Basic eligibility to participate in screening for PPD requires: female sex, age ≥ 18 years, ≥1 live birth, and belief of having experienced a lifetime episode of PPD. Cases of lifetime PPD are defined as having an EPDS total score ≥ 13, symptom onset during pregnancy or in postpartum period (<3 months postpartum), symptom duration > 2 weeks, but with no report of a child born more than 6 weeks early, death of infant or life-threatening illness after birth, or maternal life-threatening illness after birth. Women who have been pregnant without a live childbirth, non-English speakers, and those who could not document understanding of the consent based on the comprehension quizzes are ineligible for the study.

Address confirmation, spit kit collection, and biobanking

Following consent to participate in saliva sample collection, cases are asked to confirm their mailing address using a web-based form sent by email. Spit kits are provided by the NIMH Repository and Genomics Resource and mailed from UNC upon address confirmation. Kits are barcoded with each being associated with a single participant. Once participants have provided their sample, they mail them, at no cost to the participant, to the NIMH Repository, where samples are inventoried and stored at −80 °C. The repository only receives the participant study ID and kit barcode, both of which are de-identified. All protected health information is stored securely at UNC.

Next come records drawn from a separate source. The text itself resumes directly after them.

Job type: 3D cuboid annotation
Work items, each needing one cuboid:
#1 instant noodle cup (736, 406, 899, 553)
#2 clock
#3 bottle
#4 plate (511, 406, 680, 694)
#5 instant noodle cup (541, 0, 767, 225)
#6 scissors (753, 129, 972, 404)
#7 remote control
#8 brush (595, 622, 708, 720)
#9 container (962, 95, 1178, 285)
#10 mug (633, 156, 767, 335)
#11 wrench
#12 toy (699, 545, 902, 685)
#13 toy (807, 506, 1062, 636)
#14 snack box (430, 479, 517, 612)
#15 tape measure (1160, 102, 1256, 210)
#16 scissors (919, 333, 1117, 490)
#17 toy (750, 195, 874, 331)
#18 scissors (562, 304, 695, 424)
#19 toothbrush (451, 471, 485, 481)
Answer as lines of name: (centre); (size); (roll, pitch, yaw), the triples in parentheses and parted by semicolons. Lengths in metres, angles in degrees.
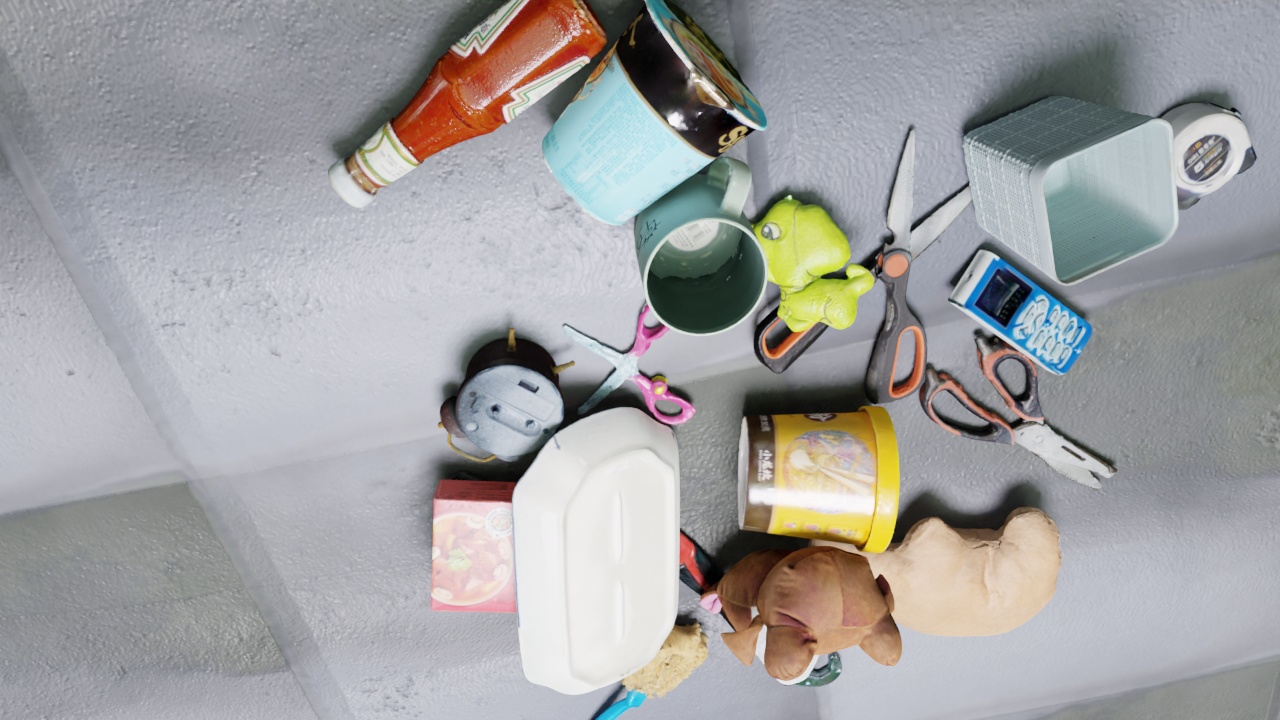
instant noodle cup: (0.139, 0.094, 0.747); (0.114, 0.118, 0.119); (2, 120, 2)
clock: (-0.108, 0.036, 0.721); (0.082, 0.055, 0.122); (29, 115, -20)
bottle: (-0.118, -0.171, 0.599); (0.206, 0.059, 0.060); (-32, 118, 14)
plate: (-0.024, 0.167, 0.754); (0.161, 0.034, 0.266); (-15, 118, -33)
instant noodle cup: (0.001, -0.154, 0.596); (0.121, 0.111, 0.111); (-39, 116, 25)
scissors: (0.188, -0.056, 0.716); (0.221, 0.021, 0.228); (-27, 120, 5)
remote control: (0.302, -0.036, 0.728); (0.125, 0.024, 0.049); (30, 94, -21)
brush: (-0.017, 0.341, 0.916); (0.083, 0.045, 0.255); (10, 127, -34)
container: (0.286, -0.122, 0.627); (0.090, 0.111, 0.090); (-24, 119, -1)
mug: (0.043, -0.089, 0.631); (0.082, 0.106, 0.112); (17, 117, -13)
wrench: (0.102, 0.244, 0.882); (0.056, 0.016, 0.273); (-41, 116, 13)
toy: (0.131, 0.211, 0.767); (0.140, 0.200, 0.130); (0, 87, -16)
toy: (0.268, 0.194, 0.837); (0.226, 0.082, 0.143); (-3, 115, 0)
snack box: (-0.116, 0.167, 0.770); (0.113, 0.044, 0.127); (3, 107, -7)
tape measure: (0.404, -0.153, 0.669); (0.066, 0.033, 0.066); (-34, 119, 12)
scissors: (0.339, 0.049, 0.791); (0.205, 0.015, 0.199); (-6, 120, -2)
toy: (0.121, -0.071, 0.673); (0.097, 0.031, 0.100); (-2, 95, 19)
scissors: (-0.004, 0.004, 0.736); (0.133, 0.017, 0.135); (32, 117, -17)
toothbrush: (-0.073, 0.132, 0.794); (0.189, 0.014, 0.017); (21, 103, -9)

Clinical validation in UNC hospitals

For clinical validation, women aged 18–55 years with a history of PPD were recruited from UNC Perinatal Psychiatry Outpatient Clinic and OB-GYN. Research coordinators approached women during their scheduled appointments to explain the study. Those who agreed to participate were given an iPod Touch to complete PPD ACT while in clinic. Research coordinators recorded the app calculated EPDS score, the time it took to complete participation, and any feedback participants had on user experience. Clinician diagnosis of PPD was recorded from participant medical records.

Recall validity with second EPDS assessment

Six to 9 months following initial enrollment, women who met criteria for case status initially were sent an email requesting a second assessment of PPD using a web-based form. This form contained the same lifetime EPDS questions that were presented previously within the app. For reassessment, cases were defined as having an EPDS total score ≥ 13, symptom onset during pregnancy or in the postpartum period (<3 months postpartum), and symptom duration greater than 2 weeks.

Data analysis

Analyses were conducted using R (v3.2.2). Descriptive statistics are reported using percentages for categorical variables and medians with (IQRs) for continuous variables. State-level birth rate data were taken from the National Vital Statistics Reports Final Births Report for 201542. Intraclass correlation coefficients (ICC) were used to measure test–retest reliability for continuous variables, using the irr package (v0.84). Binomial tests were used to measure agreement for binary variables. Squared weighted Cohen’s kappas were used to measure test–retest reliability for categorical variables, using the rel package (v.1.3.0).